Return verbatim the line containing "Answer: 5 What" together with all lines that follow it in the records, and no other material.

**Information**
# # # # #
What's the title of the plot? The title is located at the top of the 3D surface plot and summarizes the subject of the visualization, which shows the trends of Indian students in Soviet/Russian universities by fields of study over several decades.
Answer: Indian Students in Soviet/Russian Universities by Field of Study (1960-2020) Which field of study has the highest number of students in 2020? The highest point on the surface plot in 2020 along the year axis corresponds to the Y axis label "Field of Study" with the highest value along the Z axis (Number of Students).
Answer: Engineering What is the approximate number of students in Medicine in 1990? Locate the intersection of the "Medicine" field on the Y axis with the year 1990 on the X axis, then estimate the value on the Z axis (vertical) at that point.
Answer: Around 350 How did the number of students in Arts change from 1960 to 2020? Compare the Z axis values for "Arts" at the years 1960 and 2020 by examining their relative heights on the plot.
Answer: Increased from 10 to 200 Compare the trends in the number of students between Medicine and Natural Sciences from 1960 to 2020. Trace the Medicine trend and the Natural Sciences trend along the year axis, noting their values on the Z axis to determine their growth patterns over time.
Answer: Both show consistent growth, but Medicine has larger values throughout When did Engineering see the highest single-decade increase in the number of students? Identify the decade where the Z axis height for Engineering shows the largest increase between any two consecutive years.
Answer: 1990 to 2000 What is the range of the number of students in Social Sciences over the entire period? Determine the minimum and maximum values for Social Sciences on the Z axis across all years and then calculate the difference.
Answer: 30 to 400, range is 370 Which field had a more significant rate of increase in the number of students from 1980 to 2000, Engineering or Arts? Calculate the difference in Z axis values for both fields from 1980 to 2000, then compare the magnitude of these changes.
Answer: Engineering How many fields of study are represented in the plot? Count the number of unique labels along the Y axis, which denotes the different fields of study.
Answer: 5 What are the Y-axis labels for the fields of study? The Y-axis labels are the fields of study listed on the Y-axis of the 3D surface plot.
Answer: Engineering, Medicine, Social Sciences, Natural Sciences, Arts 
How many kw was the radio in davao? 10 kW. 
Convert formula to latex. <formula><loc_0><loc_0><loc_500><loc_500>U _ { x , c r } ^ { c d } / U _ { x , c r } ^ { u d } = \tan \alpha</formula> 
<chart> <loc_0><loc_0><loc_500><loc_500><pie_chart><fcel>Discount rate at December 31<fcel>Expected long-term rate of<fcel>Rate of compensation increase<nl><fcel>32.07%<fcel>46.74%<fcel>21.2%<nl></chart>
# # # # #
**Written answer**
Answer: 5 What are the Y-axis labels for the fields of study? The Y-axis labels are the fields of study listed on the Y-axis of the 3D surface plot.
Answer: Engineering, Medicine, Social Sciences, Natural Sciences, Arts 
How many kw was the radio in davao? 10 kW. 
Convert formula to latex. <formula><loc_0><loc_0><loc_500><loc_500>U _ { x , c r } ^ { c d } / U _ { x , c r } ^ { u d } = \tan \alpha</formula> 
<chart> <loc_0><loc_0><loc_500><loc_500><pie_chart><fcel>Discount rate at December 31<fcel>Expected long-term rate of<fcel>Rate of compensation increase<nl><fcel>32.07%<fcel>46.74%<fcel>21.2%<nl></chart>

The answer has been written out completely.